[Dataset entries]
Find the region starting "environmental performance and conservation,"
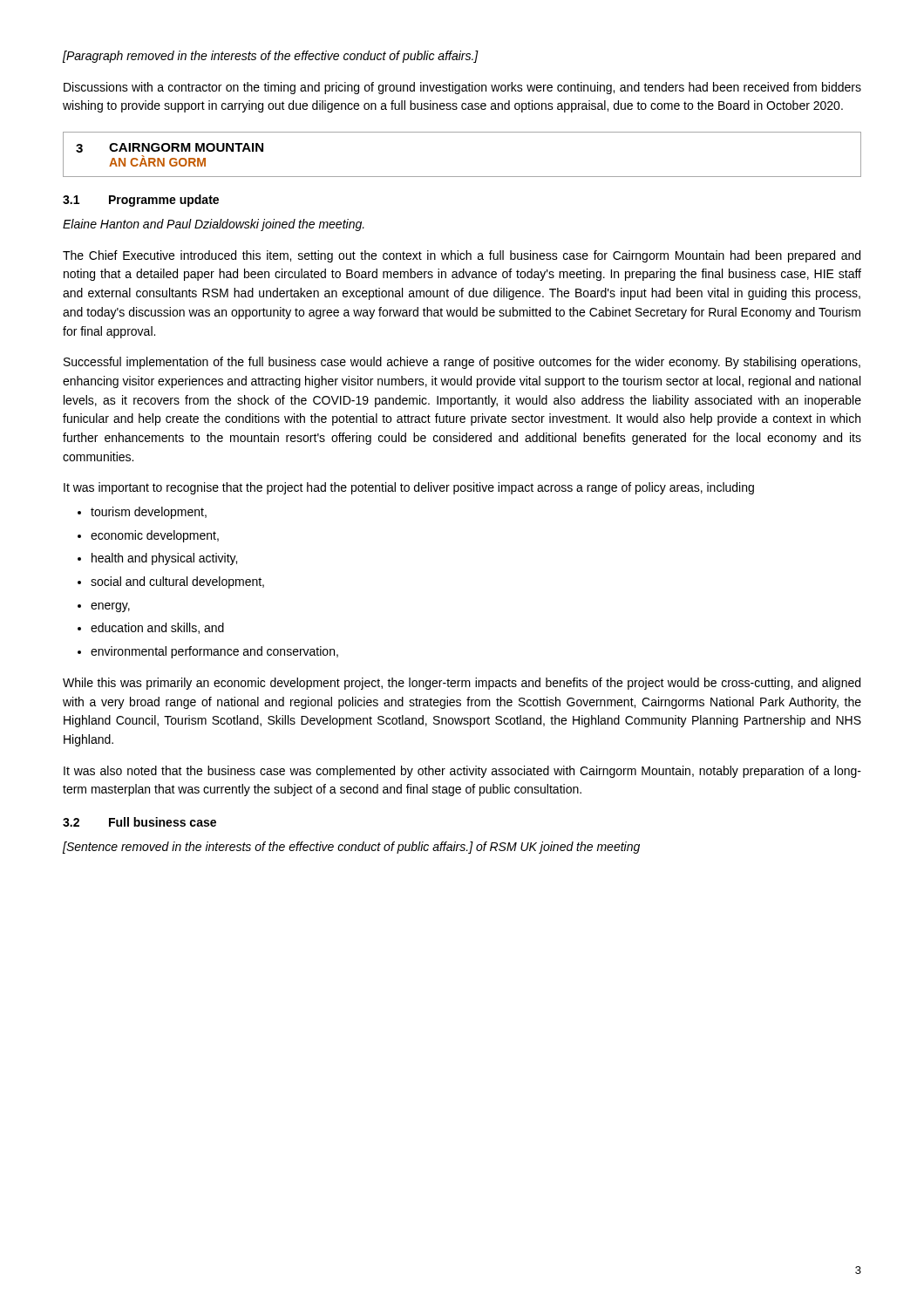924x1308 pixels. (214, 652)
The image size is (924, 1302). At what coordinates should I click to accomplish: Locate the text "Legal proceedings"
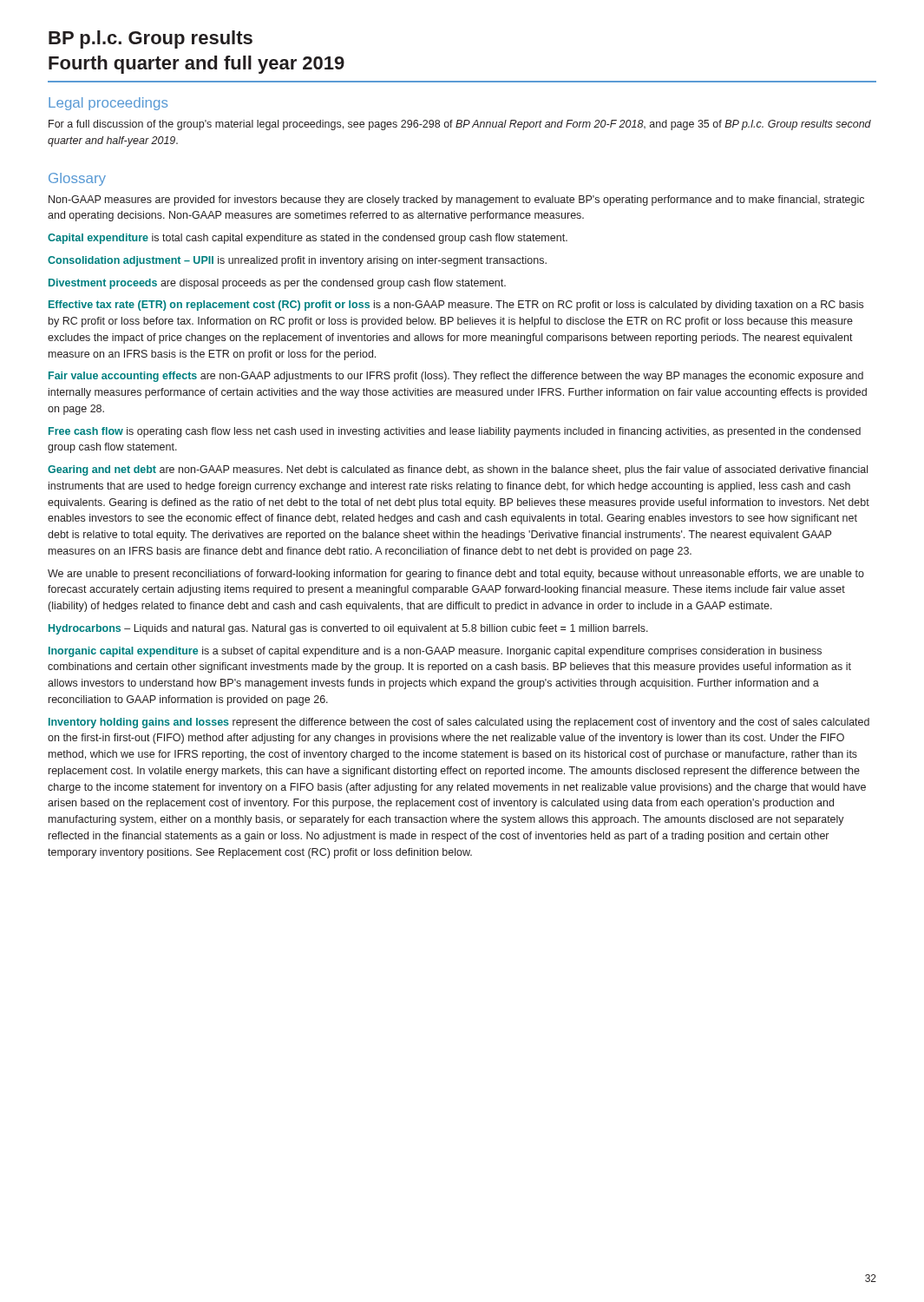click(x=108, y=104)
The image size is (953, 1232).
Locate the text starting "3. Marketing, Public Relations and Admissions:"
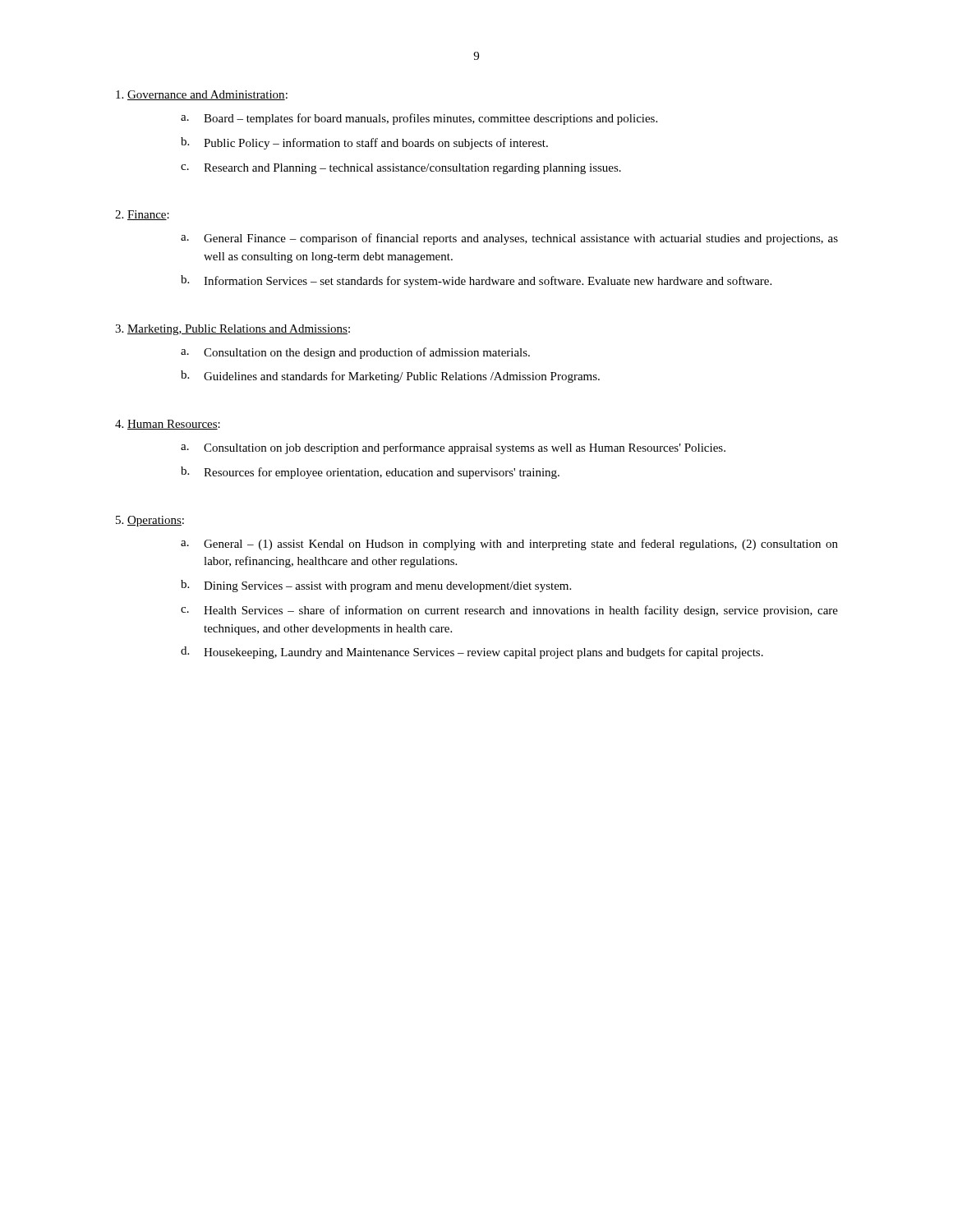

WHAT THE EXERCISE ASKS
For the entries above, the output must hold exactly the lines from the one with "The image size is (924, 1302)." through the last line, both included, and no pictures.

ANSWER AREA
The image size is (924, 1302). At what coordinates should I click to accomplish: Locate the text "Legal proceedings"
click(x=108, y=104)
The image size is (953, 1232).
Locate the text starting "3. Marketing, Public Relations and Admissions:"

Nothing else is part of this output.